Dataset records:
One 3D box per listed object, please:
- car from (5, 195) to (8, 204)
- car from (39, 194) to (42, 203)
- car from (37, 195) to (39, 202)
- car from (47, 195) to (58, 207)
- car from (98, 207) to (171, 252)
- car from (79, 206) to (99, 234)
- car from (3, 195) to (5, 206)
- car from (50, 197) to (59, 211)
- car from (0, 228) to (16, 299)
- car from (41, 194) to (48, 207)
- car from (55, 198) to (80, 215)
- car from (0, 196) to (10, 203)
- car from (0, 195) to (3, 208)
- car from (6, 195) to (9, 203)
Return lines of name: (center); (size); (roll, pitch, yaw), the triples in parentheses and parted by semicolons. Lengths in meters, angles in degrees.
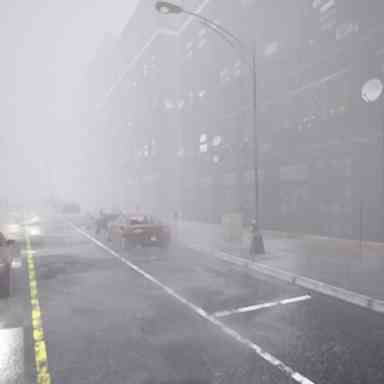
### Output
car: (-31.979, 1.647, 54.749); (1.947, 1.339, 4.313); (1, -1, -27)
car: (-27.462, 1.526, 63.184); (1.967, 1.590, 4.097); (1, -1, -27)
car: (-32.477, 1.706, 73.044); (1.802, 1.307, 4.206); (1, -1, -27)
car: (-17.399, 1.470, 43.480); (1.967, 1.590, 4.097); (1, -1, -27)
car: (-2.372, 1.539, 13.891); (1.887, 1.381, 4.507); (1, -1, -27)
car: (-4.878, 1.546, 18.823); (2.008, 1.369, 4.403); (1, -1, -27)
car: (-26.961, 1.369, 44.891); (2.192, 1.841, 5.009); (2, -1, -27)
car: (-14.901, 1.565, 38.544); (1.887, 1.381, 4.507); (1, -1, -27)
car: (-5.404, 1.527, 8.069); (1.812, 1.442, 4.674); (0, 0, -27)
car: (-22.447, 1.369, 53.323); (2.192, 1.841, 5.009); (1, -1, -27)
car: (-12.396, 1.556, 33.614); (1.887, 1.381, 4.507); (1, -1, -27)
car: (-42.003, 1.704, 74.469); (1.887, 1.381, 4.507); (1, -1, -27)
car: (-24.456, 1.358, 39.961); (2.192, 1.841, 5.009); (2, -1, -27)
car: (-39.492, 1.452, 69.541); (2.192, 1.841, 5.009); (1, -1, -27)

» THE TASK:
Repeat the lines above exactly, and keep every picture out.

» RESULT FOR THIS TASK:
One 3D box per listed object, please:
- car from (5, 195) to (8, 204)
- car from (39, 194) to (42, 203)
- car from (37, 195) to (39, 202)
- car from (47, 195) to (58, 207)
- car from (98, 207) to (171, 252)
- car from (79, 206) to (99, 234)
- car from (3, 195) to (5, 206)
- car from (50, 197) to (59, 211)
- car from (0, 228) to (16, 299)
- car from (41, 194) to (48, 207)
- car from (55, 198) to (80, 215)
- car from (0, 196) to (10, 203)
- car from (0, 195) to (3, 208)
- car from (6, 195) to (9, 203)
Return lines of name: (center); (size); (roll, pitch, yaw), the triples in parentheses and parted by semicolons. Lengths in meters, angles in degrees.
### Output
car: (-31.979, 1.647, 54.749); (1.947, 1.339, 4.313); (1, -1, -27)
car: (-27.462, 1.526, 63.184); (1.967, 1.590, 4.097); (1, -1, -27)
car: (-32.477, 1.706, 73.044); (1.802, 1.307, 4.206); (1, -1, -27)
car: (-17.399, 1.470, 43.480); (1.967, 1.590, 4.097); (1, -1, -27)
car: (-2.372, 1.539, 13.891); (1.887, 1.381, 4.507); (1, -1, -27)
car: (-4.878, 1.546, 18.823); (2.008, 1.369, 4.403); (1, -1, -27)
car: (-26.961, 1.369, 44.891); (2.192, 1.841, 5.009); (2, -1, -27)
car: (-14.901, 1.565, 38.544); (1.887, 1.381, 4.507); (1, -1, -27)
car: (-5.404, 1.527, 8.069); (1.812, 1.442, 4.674); (0, 0, -27)
car: (-22.447, 1.369, 53.323); (2.192, 1.841, 5.009); (1, -1, -27)
car: (-12.396, 1.556, 33.614); (1.887, 1.381, 4.507); (1, -1, -27)
car: (-42.003, 1.704, 74.469); (1.887, 1.381, 4.507); (1, -1, -27)
car: (-24.456, 1.358, 39.961); (2.192, 1.841, 5.009); (2, -1, -27)
car: (-39.492, 1.452, 69.541); (2.192, 1.841, 5.009); (1, -1, -27)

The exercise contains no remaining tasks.